By the time of Dorothy’s birth, Pleasant Lake had already been on the map for nearly 40 years, having been settled by the Holbrook and Mendenhall families in 1882.

The Cline family phone exchange covered a wide area according to Dorothy.

“As I remember, we had Wolford, Knox, York. We also had a pay phone at the post office and my parents got paid for operating it. We were affiliated with Northwestern Bell in Rugby, and we had lots of people on our phone lines. In those days we had bartering, so if people couldn’t pay their bill, we would get food,” she said with a chuckle.

But Dorothy’s childhood wasn’t all hard work. She remembers rollerskating and dances in the haymow of A.W. Hughes’ large barn, known nowadays as the Moral Shively barn, on the southeast edge of the community.

“I learned to dance when I was a pretty young kid. Some of the Dokkens were good dancers. I think it was Glenn Dokken who taught me to waltz.” Her mother and sisters attended the dances, she said, but her dad could never get away. “Somebody had to stay home and watch the phone.”

Picnics under the towering oaks were a popular summer activity. “The original picnic area was south and east of the Geibel house,” she said. Later another picnic spot was created on the north side of the road. A swimming hole east of the picnic spot was made by damming up one of the many springs that run out of the hills to the north. People came from miles around to enjoy the little oasis on the prairie. The area was especially popular with church groups.

In the 1920s U.S. Highway 2 ran right through Pleasant Lake so there was plenty of activity. The Geibel family operated a grocery store east of their house, and there was also a small restaurant and service station. The bank and post office were on a north-south street on higher ground to the northwest. That’s also where the Cline family lived. Three elevators lined the south side of the Great Northern railroad tracks, and Dorothy remembers the devastating fire in the early-to-mid 1930s that wiped out all three structures. Only the depot was not burned.
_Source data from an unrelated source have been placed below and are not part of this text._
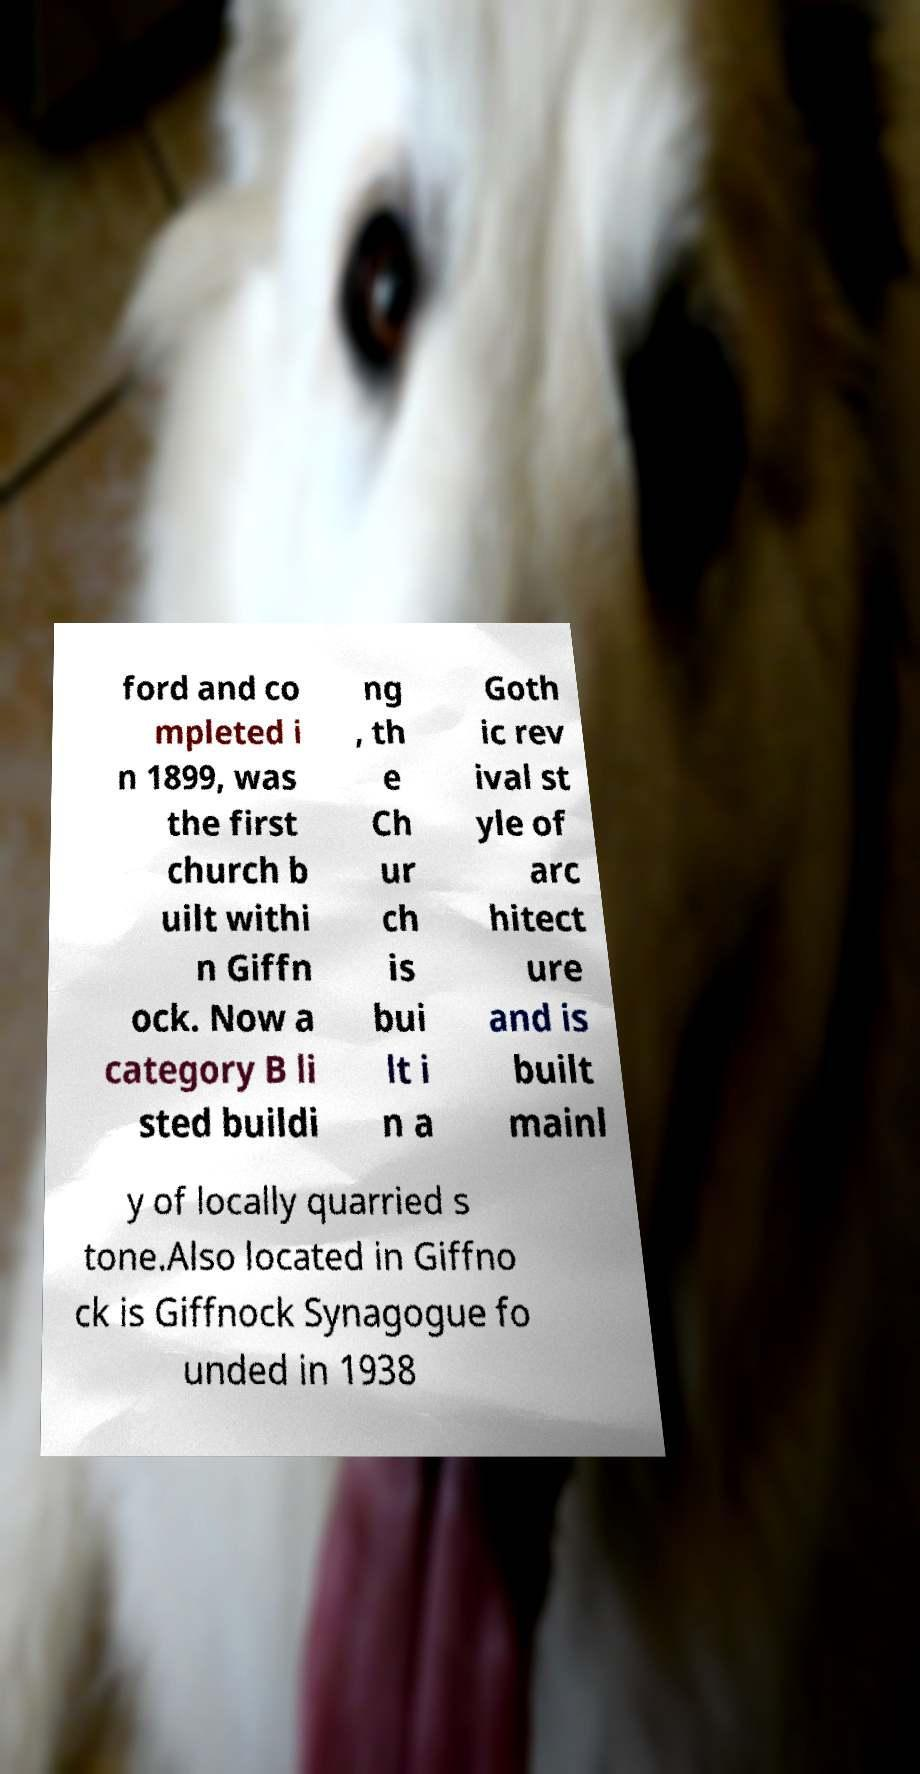Please identify and transcribe the text found in this image. ford and co mpleted i n 1899, was the first church b uilt withi n Giffn ock. Now a category B li sted buildi ng , th e Ch ur ch is bui lt i n a Goth ic rev ival st yle of arc hitect ure and is built mainl y of locally quarried s tone.Also located in Giffno ck is Giffnock Synagogue fo unded in 1938 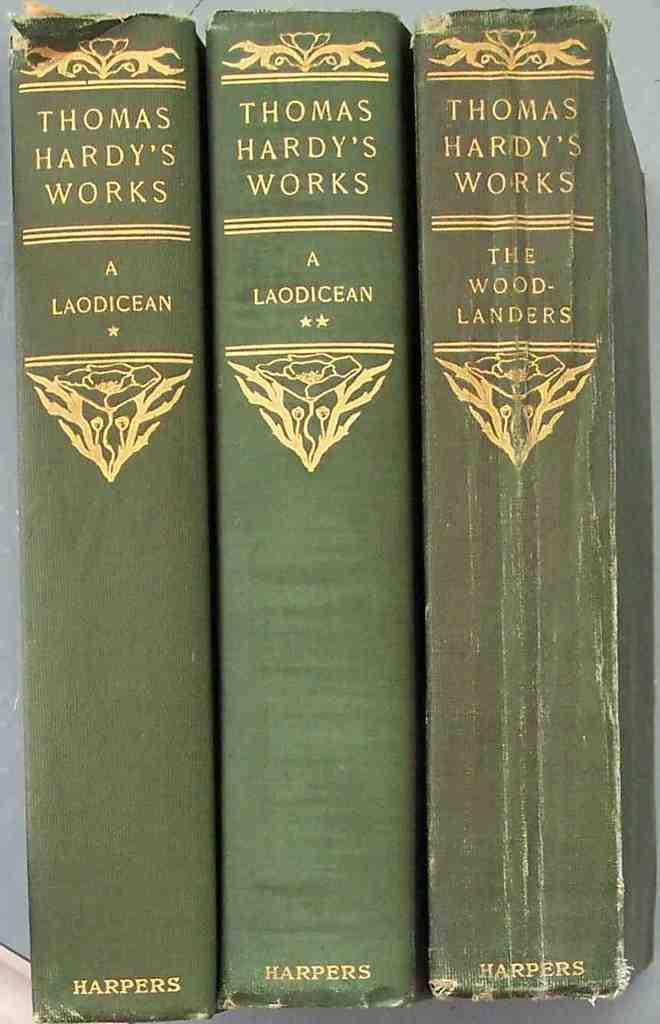<image>
Give a short and clear explanation of the subsequent image. Three volumes of books called Thomas Hardy Works. 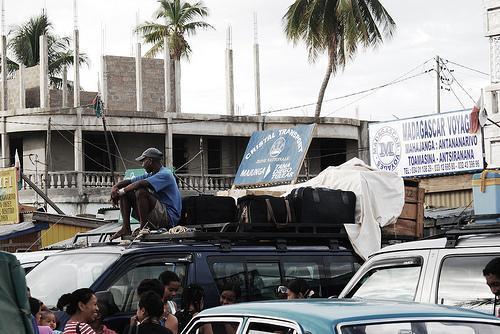How many cars are there?
Give a very brief answer. 3. How many black luggages are there?
Give a very brief answer. 3. 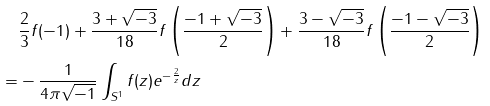<formula> <loc_0><loc_0><loc_500><loc_500>& \frac { 2 } { 3 } f ( - 1 ) + \frac { 3 + \sqrt { - 3 } } { 1 8 } f \left ( \frac { - 1 + \sqrt { - 3 } } { 2 } \right ) + \frac { 3 - \sqrt { - 3 } } { 1 8 } f \left ( \frac { - 1 - \sqrt { - 3 } } { 2 } \right ) \\ = & - \frac { 1 } { 4 \pi \sqrt { - 1 } } \int _ { S ^ { 1 } } f ( z ) e ^ { - \frac { 2 } { z } } d z</formula> 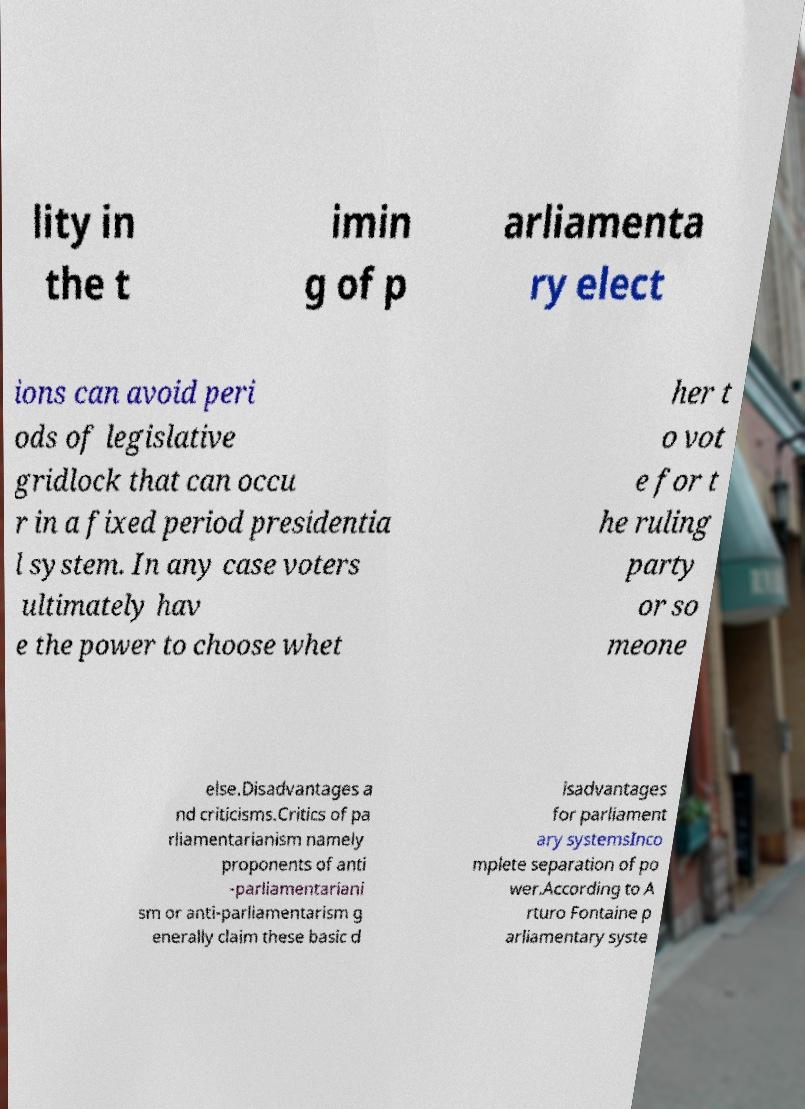Can you read and provide the text displayed in the image?This photo seems to have some interesting text. Can you extract and type it out for me? lity in the t imin g of p arliamenta ry elect ions can avoid peri ods of legislative gridlock that can occu r in a fixed period presidentia l system. In any case voters ultimately hav e the power to choose whet her t o vot e for t he ruling party or so meone else.Disadvantages a nd criticisms.Critics of pa rliamentarianism namely proponents of anti -parliamentariani sm or anti-parliamentarism g enerally claim these basic d isadvantages for parliament ary systemsInco mplete separation of po wer.According to A rturo Fontaine p arliamentary syste 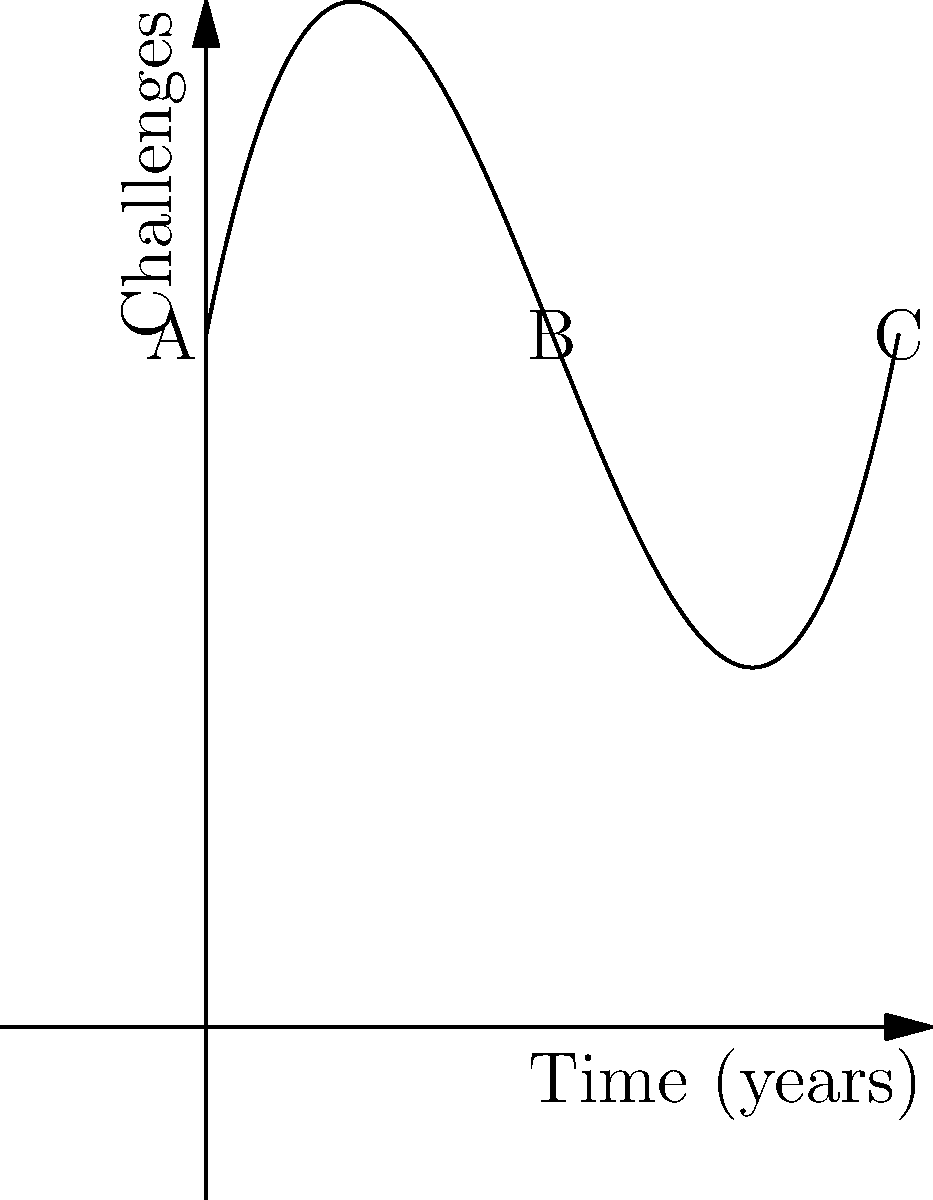The graph shows a polynomial function representing the challenges faced by immigrants over time. Point A represents the initial challenges, point B represents a period of relative stability, and point C shows increasing difficulties. If the function is of the form $f(x) = ax^3 + bx^2 + cx + d$, what is the sign of the coefficient $a$, and how does it relate to the long-term trajectory of immigrant challenges? To determine the sign of coefficient $a$ and its relation to the long-term trajectory of immigrant challenges, we need to analyze the graph:

1. Observe the overall shape of the curve: It starts high, decreases to a minimum, then increases again.

2. Focus on the end behavior: As x increases (moving towards point C), the curve is rising at an increasing rate.

3. For a cubic function $f(x) = ax^3 + bx^2 + cx + d$:
   - If $a > 0$, the function will eventually rise as x increases.
   - If $a < 0$, the function will eventually fall as x increases.

4. In this graph, we see the function rising as x increases towards point C, indicating that $a > 0$.

5. The positive $a$ coefficient means that in the long term, the challenges faced by immigrants are increasing at an accelerating rate.

6. This aligns with the narrative of initially high challenges (A), a period of improvement and stability (B), followed by renewed and intensifying difficulties (C).
Answer: $a > 0$; indicates accelerating long-term challenges 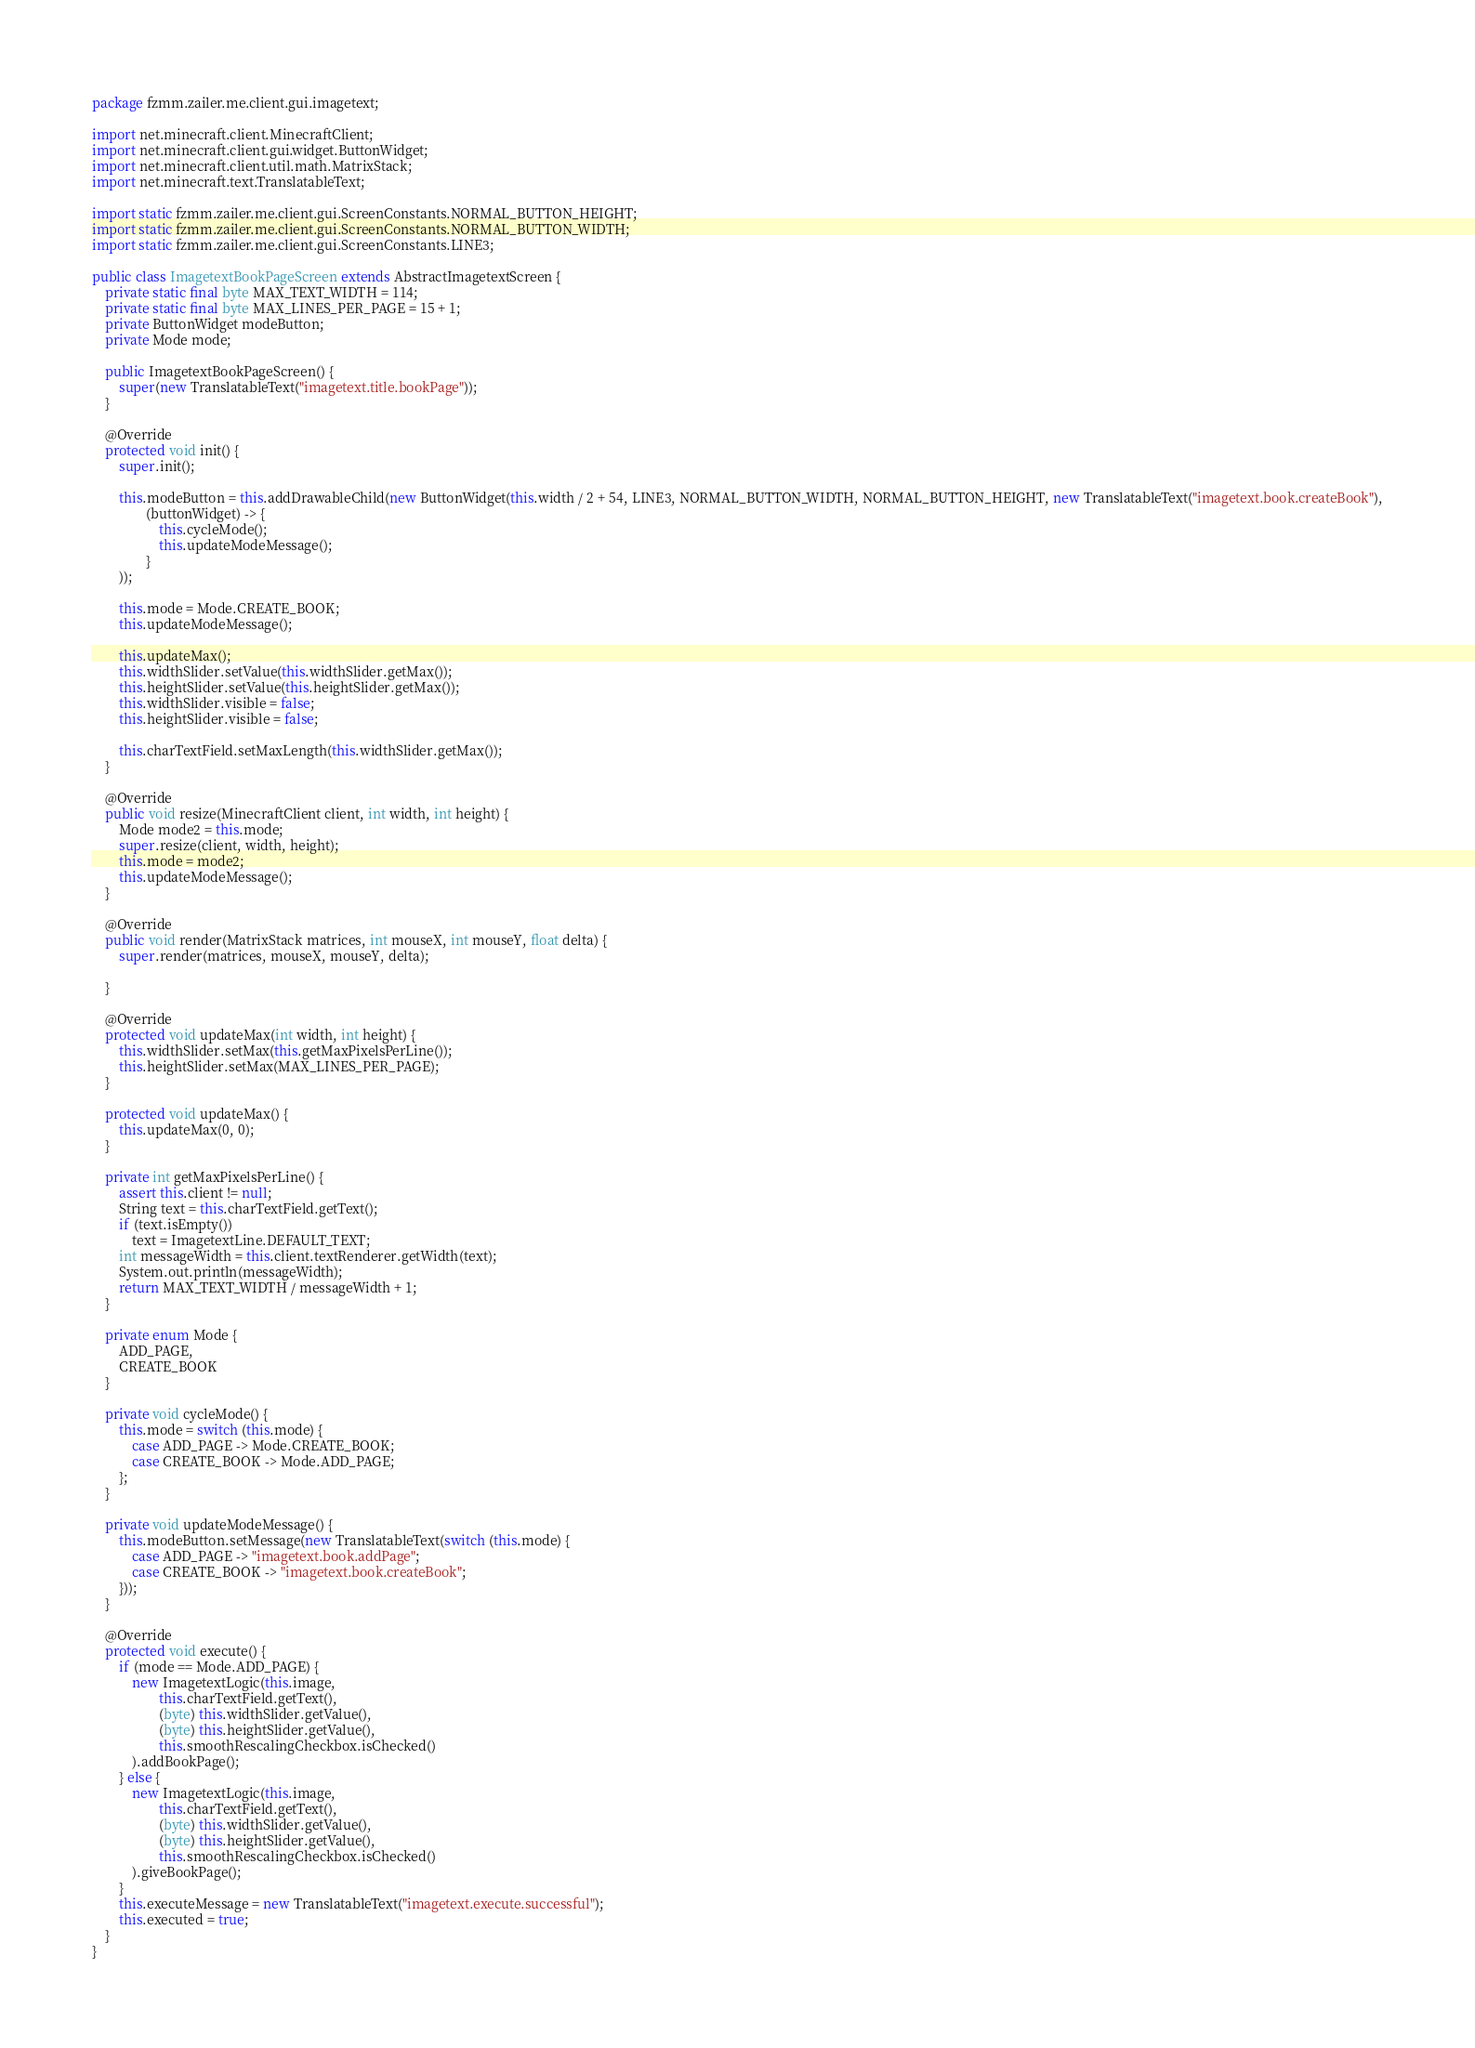<code> <loc_0><loc_0><loc_500><loc_500><_Java_>package fzmm.zailer.me.client.gui.imagetext;

import net.minecraft.client.MinecraftClient;
import net.minecraft.client.gui.widget.ButtonWidget;
import net.minecraft.client.util.math.MatrixStack;
import net.minecraft.text.TranslatableText;

import static fzmm.zailer.me.client.gui.ScreenConstants.NORMAL_BUTTON_HEIGHT;
import static fzmm.zailer.me.client.gui.ScreenConstants.NORMAL_BUTTON_WIDTH;
import static fzmm.zailer.me.client.gui.ScreenConstants.LINE3;

public class ImagetextBookPageScreen extends AbstractImagetextScreen {
    private static final byte MAX_TEXT_WIDTH = 114;
    private static final byte MAX_LINES_PER_PAGE = 15 + 1;
    private ButtonWidget modeButton;
    private Mode mode;

    public ImagetextBookPageScreen() {
        super(new TranslatableText("imagetext.title.bookPage"));
    }

    @Override
    protected void init() {
        super.init();

        this.modeButton = this.addDrawableChild(new ButtonWidget(this.width / 2 + 54, LINE3, NORMAL_BUTTON_WIDTH, NORMAL_BUTTON_HEIGHT, new TranslatableText("imagetext.book.createBook"),
                (buttonWidget) -> {
                    this.cycleMode();
                    this.updateModeMessage();
                }
        ));

        this.mode = Mode.CREATE_BOOK;
        this.updateModeMessage();

        this.updateMax();
        this.widthSlider.setValue(this.widthSlider.getMax());
        this.heightSlider.setValue(this.heightSlider.getMax());
        this.widthSlider.visible = false;
        this.heightSlider.visible = false;

        this.charTextField.setMaxLength(this.widthSlider.getMax());
    }

    @Override
    public void resize(MinecraftClient client, int width, int height) {
        Mode mode2 = this.mode;
        super.resize(client, width, height);
        this.mode = mode2;
        this.updateModeMessage();
    }

    @Override
    public void render(MatrixStack matrices, int mouseX, int mouseY, float delta) {
        super.render(matrices, mouseX, mouseY, delta);

    }

    @Override
    protected void updateMax(int width, int height) {
        this.widthSlider.setMax(this.getMaxPixelsPerLine());
        this.heightSlider.setMax(MAX_LINES_PER_PAGE);
    }

    protected void updateMax() {
        this.updateMax(0, 0);
    }

    private int getMaxPixelsPerLine() {
        assert this.client != null;
        String text = this.charTextField.getText();
        if (text.isEmpty())
            text = ImagetextLine.DEFAULT_TEXT;
        int messageWidth = this.client.textRenderer.getWidth(text);
        System.out.println(messageWidth);
        return MAX_TEXT_WIDTH / messageWidth + 1;
    }

    private enum Mode {
        ADD_PAGE,
        CREATE_BOOK
    }

    private void cycleMode() {
        this.mode = switch (this.mode) {
            case ADD_PAGE -> Mode.CREATE_BOOK;
            case CREATE_BOOK -> Mode.ADD_PAGE;
        };
    }

    private void updateModeMessage() {
        this.modeButton.setMessage(new TranslatableText(switch (this.mode) {
            case ADD_PAGE -> "imagetext.book.addPage";
            case CREATE_BOOK -> "imagetext.book.createBook";
        }));
    }

    @Override
    protected void execute() {
        if (mode == Mode.ADD_PAGE) {
            new ImagetextLogic(this.image,
                    this.charTextField.getText(),
                    (byte) this.widthSlider.getValue(),
                    (byte) this.heightSlider.getValue(),
                    this.smoothRescalingCheckbox.isChecked()
            ).addBookPage();
        } else {
            new ImagetextLogic(this.image,
                    this.charTextField.getText(),
                    (byte) this.widthSlider.getValue(),
                    (byte) this.heightSlider.getValue(),
                    this.smoothRescalingCheckbox.isChecked()
            ).giveBookPage();
        }
        this.executeMessage = new TranslatableText("imagetext.execute.successful");
        this.executed = true;
    }
}
</code> 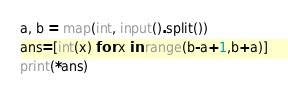Convert code to text. <code><loc_0><loc_0><loc_500><loc_500><_Python_>a, b = map(int, input().split())
ans=[int(x) for x in range(b-a+1,b+a)]
print(*ans)</code>

“The Shively house has been there ever since I remember,” Dorothy said, “and the Methodist Church has been there forever.”

Some of Dorothy’s favorite times were spent at the two-story, clapboard school, which still stands on the north side of the main road. She can effortlessly rattle off the names of her teachers and the last names of some fellow students-the Kjelstroms, Norbys and Bigelows.

“In the winter we’d sled on the hill west of the school, and we’d have someone stand on the highway to watch for cars. We’d slide right across the highway and down closer to the lake.” She and her sisters always walked the roughty half-a-mile to and from school, as did other students. And in the cold months, her mother would often walk to the schoolhouse, bringing Dorothy and her sisters a hot noon meal so they wouldn’t have to eat cold sandwiches.

She remembers that graduation exercises for rural schools were held in Minnewaukan, the Benson County seat. Later Dorothy attended high school in Rugby.

But now, save for the the magnificent trees, lilacs and caraganas planted by the pioneers, numerous free-flowing springs and a few extraordinary century-old buildings, very little remains of historic Pleasant Lake.

Dorothy’s childhood home was cut into two pieces, half of which was moved to Rugby. The other half was moved elsewhere in Pleasant Lake. Both halves became parts of other homes. The Bigelow house was relocated to Rugby, and the bank is preserved at the Prairie Village Museum. But Dorothy prefers to remember the town as it was in her youth.

“It was a wonderful area in its day,” she says nostalgically. “We had such freedom. We could run up and down the streets without worry. It was quite the town.”